According to claim 1,
The learning network receives states and behaviors, calculates an estimate of the sum of the compensation values that can be obtained, and selects and outputs appropriate behaviors considering the sum of the estimated compensation values for each activity.
An in-depth reinforcement learning system that uses phosphorus clustered re-experience memory.

According to claim 1,
The target network uses the learning data selected for each re-experience memory in consideration of the selection weight for the sum of the compensation values.
An in-depth reinforcement learning system that uses phosphorus clustered re-experience memory.

According to claim 1,
The target network estimates the sum of the compensation values for the next state from the state, and combines the compensation values for the states to generate target values for learning of the learning network.
An in-depth reinforcement learning system that uses phosphorus clustered re-experience memory.

According to claim 1,
An evaluator that estimates the sum of compensation values based on the agent's actions
In-depth reinforcement learning system using a clustered re-experience memory further comprising a.

According to claim 1,
A classifier that determines the group to which the new data generated by the interaction between the learning network and the environment belongs
In-depth reinforcement learning system using a clustered re-experience memory further comprising a.

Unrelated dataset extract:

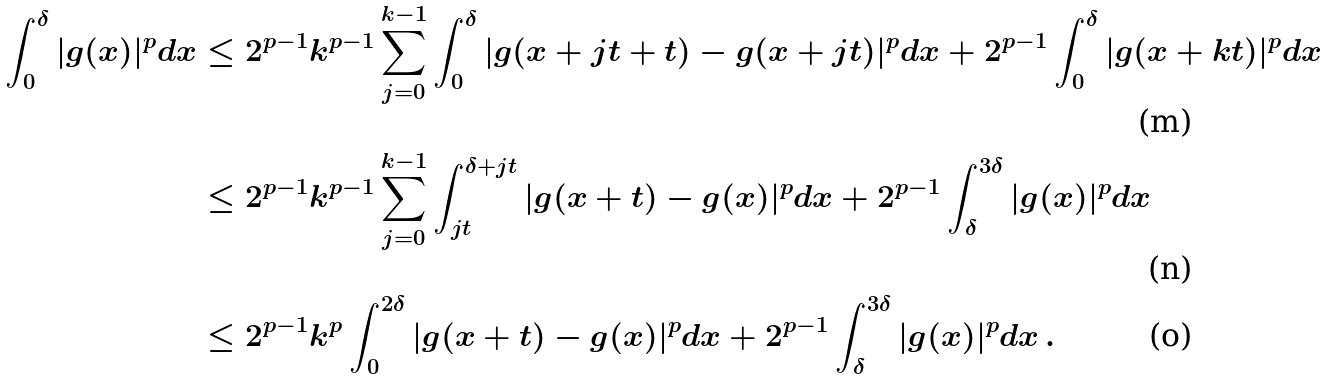<formula> <loc_0><loc_0><loc_500><loc_500>\int _ { 0 } ^ { \delta } | g ( x ) | ^ { p } d x & \leq 2 ^ { p - 1 } k ^ { p - 1 } \sum _ { j = 0 } ^ { k - 1 } \int _ { 0 } ^ { \delta } | g ( x + j t + t ) - g ( x + j t ) | ^ { p } d x + 2 ^ { p - 1 } \int _ { 0 } ^ { \delta } | g ( x + k t ) | ^ { p } d x \\ & \leq 2 ^ { p - 1 } k ^ { p - 1 } \sum _ { j = 0 } ^ { k - 1 } \int _ { j t } ^ { \delta + j t } | g ( x + t ) - g ( x ) | ^ { p } d x + 2 ^ { p - 1 } \int _ { \delta } ^ { 3 \delta } | g ( x ) | ^ { p } d x \\ & \leq 2 ^ { p - 1 } k ^ { p } \int _ { 0 } ^ { 2 \delta } | g ( x + t ) - g ( x ) | ^ { p } d x + 2 ^ { p - 1 } \int _ { \delta } ^ { 3 \delta } | g ( x ) | ^ { p } d x \, .</formula>

(a) receiving learning data and performing clustering on the initial learning data;
(b) learning a classifier using the clustering result;
(c) calculating an estimate of the sum of compensation values based on the agent's actions, and storing them in a re-experience memory; And
(d) extracting learning data from the re-experience memory and generating target values for learning with a learning network
In-depth reinforcement learning method using a clustered re-experience memory comprising a.

The method of claim 12,
The step (a) is to generate the re-experience memory by the number of clusters according to the clustering result.
An in-depth reinforcement learning method that uses phosphorus clustered re-experience memory.

The method of claim 12,
The step (b) is learning the classifier through a teacher learning method using a cluster label, or learning the classifier by maintaining the average value of each cluster according to the K-means algorithm performed in step (a).
An in-depth reinforcement learning method that uses phosphorus clustered re-experience memory.

The method of claim 12,
The step (c) is to estimate the sum of the compensation values obtainable starting from the state by performing evaluation on the data consisting of state, action, compensation, and next state.
An in-depth reinforcement learning method that uses phosphorus clustered re-experience memory.

The method of claim 12,
In step (d), the learning data is extracted in consideration of a selection weight for the sum of the compensation values.
An in-depth reinforcement learning method that uses phosphorus clustered re-experience memory.

The method of claim 12,
(e) storing new data generated by the interaction between the agent and the environment in the re-experience memory, periodically performing a clustering process, and re-learning the classifier
In-depth reinforcement learning method using a clustered re-experience memory further comprising.

The method of claim 17,
In step (e), the clusters are merged, divided, and generated according to the similarity, size, and whether new data is input.
An in-depth reinforcement learning method that uses phosphorus clustered re-experience memory.